● What to work on
All that is wanted is how many lines in the records below include the string "Hoeve".

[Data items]
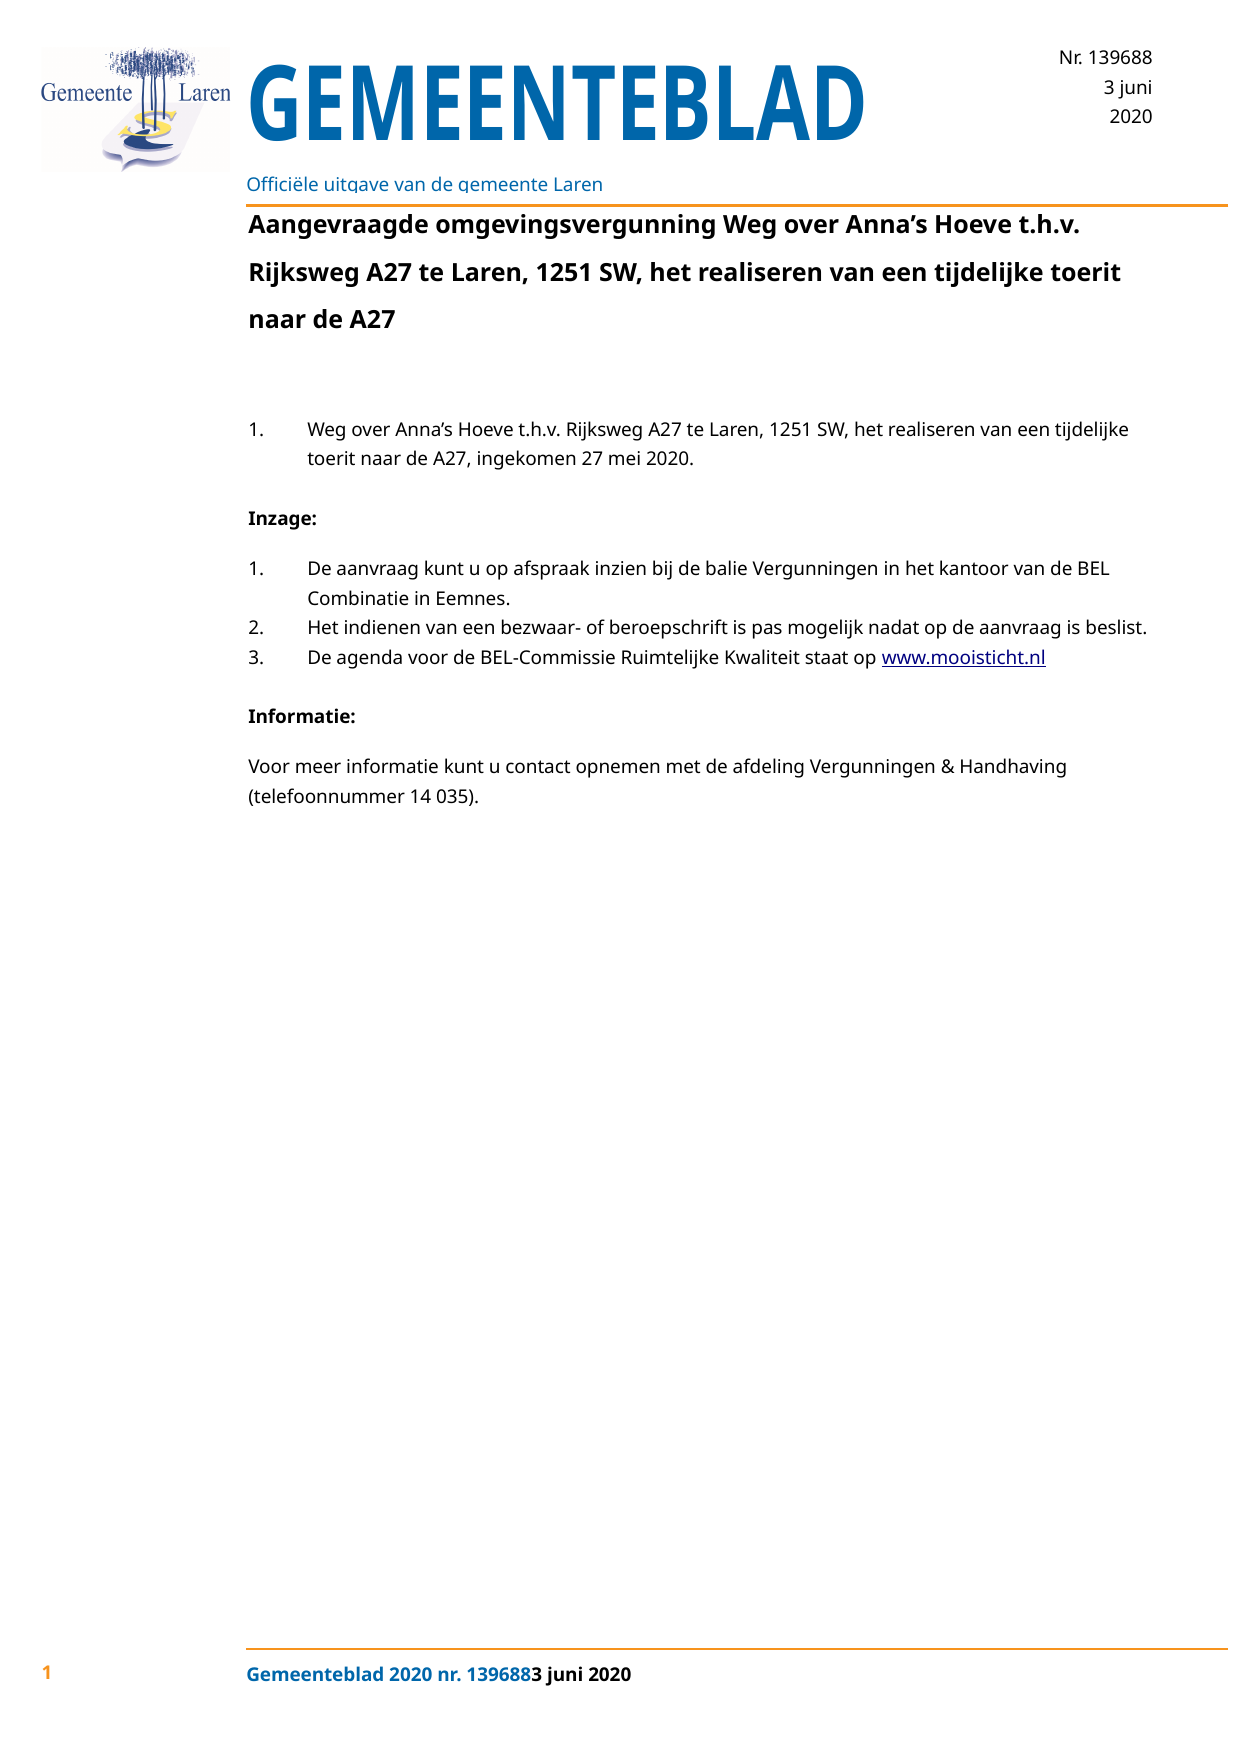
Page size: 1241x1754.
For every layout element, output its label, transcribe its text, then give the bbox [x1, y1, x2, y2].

picture [41, 47, 231, 172]
text Inzage: [248, 505, 1152, 530]
list Het indienen van een bezwaar- of beroepschrift is pas mogelijk nadat op de aanvraag is beslist. [248, 614, 1152, 640]
list De agenda voor de BEL-Commissie Ruimtelijke Kwaliteit staat op www.mooisticht.nl [248, 644, 1152, 669]
list Weg over Anna’s Hoeve t.h.v. Rijksweg A27 te Laren, 1251 SW, het realiseren van een tijdelijke toerit naar de A27, ingekomen 27 mei 2020. [248, 416, 1152, 471]
text Informatie: [248, 703, 1152, 729]
text Aangevraagde omgevingsvergunning Weg over Anna’s Hoeve t.h.v. Rijksweg A27 te Laren, 1251 SW, het realiseren van een tijdelijke toerit naar de A27 [248, 207, 1152, 336]
list De aanvraag kunt u op afspraak inzien bij de balie Vergunningen in het kantoor van de BEL Combinatie in Eemnes. [248, 555, 1152, 610]
text Voor meer informatie kunt u contact opnemen met de afdeling Vergunningen & Handhaving (telefoonnummer 14 035). [248, 753, 1152, 809]
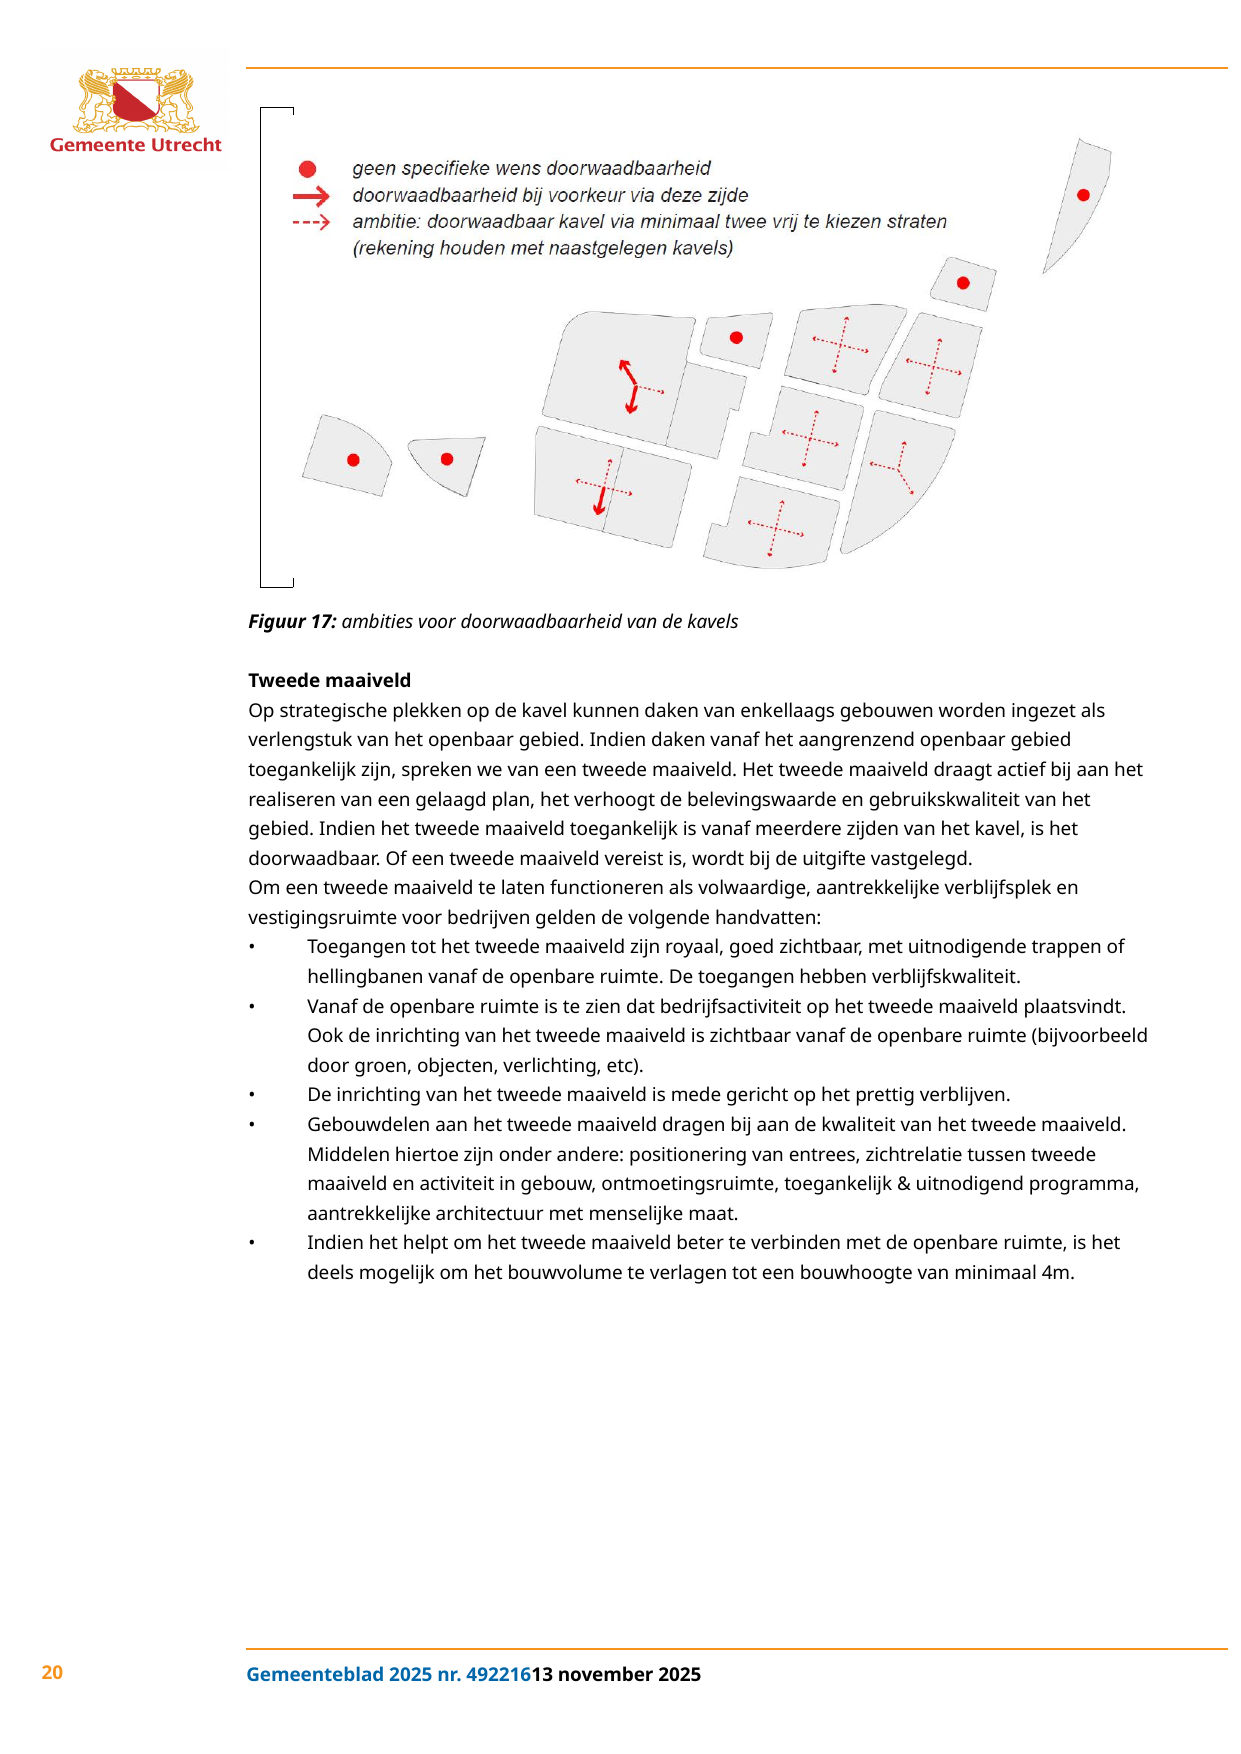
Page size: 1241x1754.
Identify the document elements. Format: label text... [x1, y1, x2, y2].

picture [41, 47, 231, 172]
text Op strategische plekken op de kavel kunnen daken van enkellaags gebouwen worden ingezet als verlengstuk van het openbaar gebied. Indien daken vanaf het aangrenzend openbaar gebied toegankelijk zijn, spreken we van een tweede maaiveld. Het tweede maaiveld draagt actief bij aan het realiseren van een gelaagd plan, het verhoogt de belevingswaarde en gebruikskwaliteit van het gebied. Indien het tweede maaiveld toegankelijk is vanaf meerdere zijden van het kavel, is het doorwaadbaar. Of een tweede maaiveld vereist is, wordt bij de uitgifte vastgelegd. [248, 697, 1152, 871]
list Vanaf de openbare ruimte is te zien dat bedrijfsactiviteit op het tweede maaiveld plaatsvindt. Ook de inrichting van het tweede maaiveld is zichtbaar vanaf de openbare ruimte (bijvoorbeeld door groen, objecten, verlichting, etc). [248, 993, 1152, 1078]
picture [268, 115, 1122, 578]
list De inrichting van het tweede maaiveld is mede gericht op het prettig verblijven. [248, 1082, 1152, 1107]
list Indien het helpt om het tweede maaiveld beter te verbinden met de openbare ruimte, is het deels mogelijk om het bouwvolume te verlagen tot een bouwhoogte van minimaal 4m. [248, 1229, 1152, 1285]
list Toegangen tot het tweede maaiveld zijn royaal, goed zichtbaar, met uitnodigende trappen of hellingbanen vanaf de openbare ruimte. De toegangen hebben verblijfskwaliteit. [248, 934, 1152, 989]
text Tweede maaiveld [248, 667, 1152, 693]
text Figuur 17: ambities voor doorwaadbaarheid van de kavels [248, 608, 1152, 634]
list Gebouwdelen aan het tweede maaiveld dragen bij aan de kwaliteit van het tweede maaiveld. Middelen hiertoe zijn onder andere: positionering van entrees, zichtrelatie tussen tweede maaiveld en activiteit in gebouw, ontmoetingsruimte, toegankelijk & uitnodigend programma, aantrekkelijke architectuur met menselijke maat. [248, 1111, 1152, 1226]
text Om een tweede maaiveld te laten functioneren als volwaardige, aantrekkelijke verblijfsplek en vestigingsruimte voor bedrijven gelden de volgende handvatten: [248, 874, 1152, 930]

● Exercise output
2